START Extracted information
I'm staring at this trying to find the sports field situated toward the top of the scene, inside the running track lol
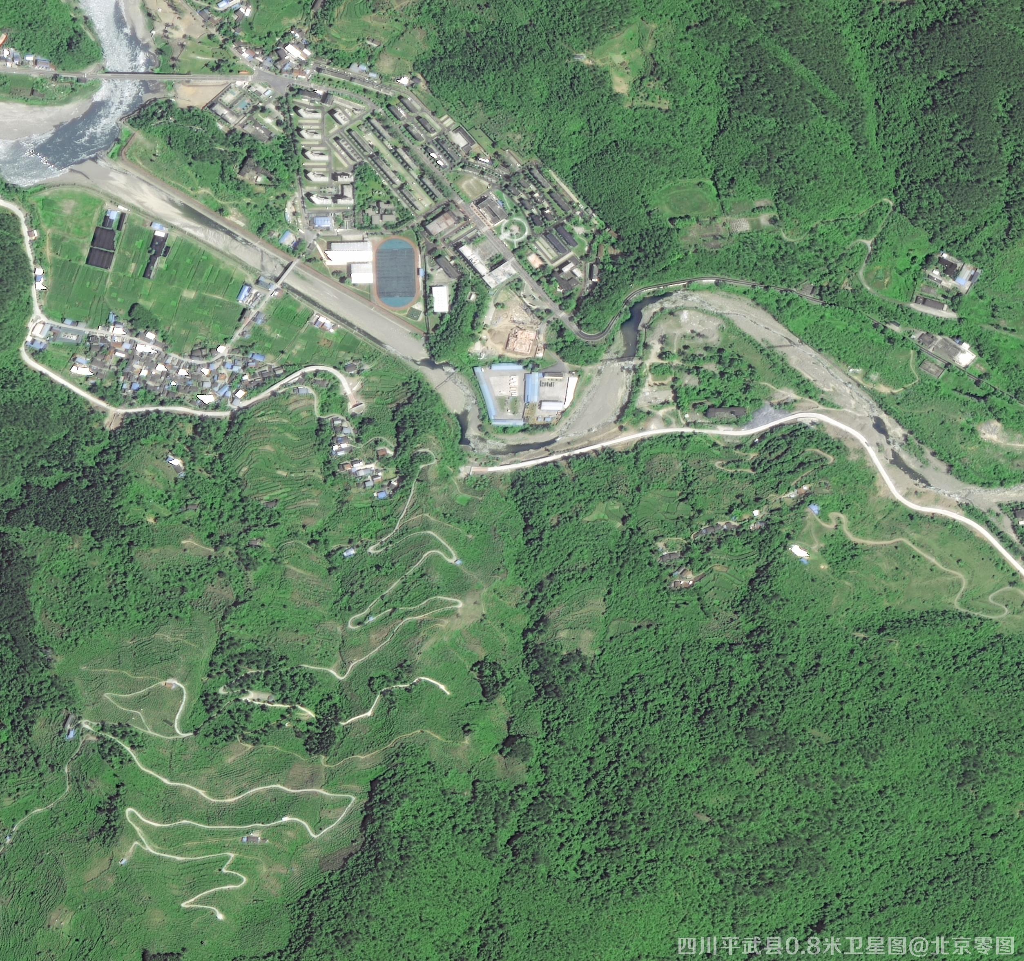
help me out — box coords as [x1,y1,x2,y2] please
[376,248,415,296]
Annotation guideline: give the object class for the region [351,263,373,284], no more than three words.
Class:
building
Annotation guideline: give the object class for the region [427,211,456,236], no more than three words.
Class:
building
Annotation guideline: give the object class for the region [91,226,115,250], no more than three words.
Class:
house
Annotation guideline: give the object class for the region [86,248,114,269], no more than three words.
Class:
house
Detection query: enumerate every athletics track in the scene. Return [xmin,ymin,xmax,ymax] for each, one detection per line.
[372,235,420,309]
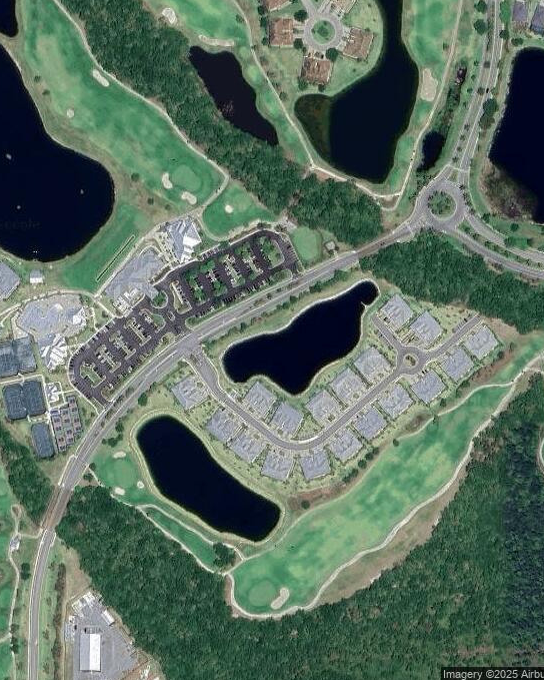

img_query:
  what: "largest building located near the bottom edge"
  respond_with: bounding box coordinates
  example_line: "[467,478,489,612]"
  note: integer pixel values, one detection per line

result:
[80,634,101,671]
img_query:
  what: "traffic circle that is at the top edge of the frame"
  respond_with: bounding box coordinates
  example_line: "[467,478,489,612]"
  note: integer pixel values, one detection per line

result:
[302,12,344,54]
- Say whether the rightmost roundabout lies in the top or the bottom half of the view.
END Extracted information
START Extracted information
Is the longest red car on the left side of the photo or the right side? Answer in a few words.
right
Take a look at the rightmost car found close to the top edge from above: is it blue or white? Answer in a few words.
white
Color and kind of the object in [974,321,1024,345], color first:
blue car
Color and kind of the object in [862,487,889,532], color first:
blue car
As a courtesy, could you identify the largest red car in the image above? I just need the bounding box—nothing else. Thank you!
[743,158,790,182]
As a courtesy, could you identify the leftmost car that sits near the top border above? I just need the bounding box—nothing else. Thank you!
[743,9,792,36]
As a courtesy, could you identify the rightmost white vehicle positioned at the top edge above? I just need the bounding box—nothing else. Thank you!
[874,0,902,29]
END Extracted information
▸ **Exercise goal**: I would like the exact lines from the data above, starting with the one that holds "I'm staring at" and going on through the one that holds "[91,226,115,250], no more than three words.", without the pictures.

▸ **Task response**:
I'm staring at this trying to find the sports field situated toward the top of the scene, inside the running track lol
help me out — box coords as [x1,y1,x2,y2] please
[376,248,415,296]
Annotation guideline: give the object class for the region [351,263,373,284], no more than three words.
Class:
building
Annotation guideline: give the object class for the region [427,211,456,236], no more than three words.
Class:
building
Annotation guideline: give the object class for the region [91,226,115,250], no more than three words.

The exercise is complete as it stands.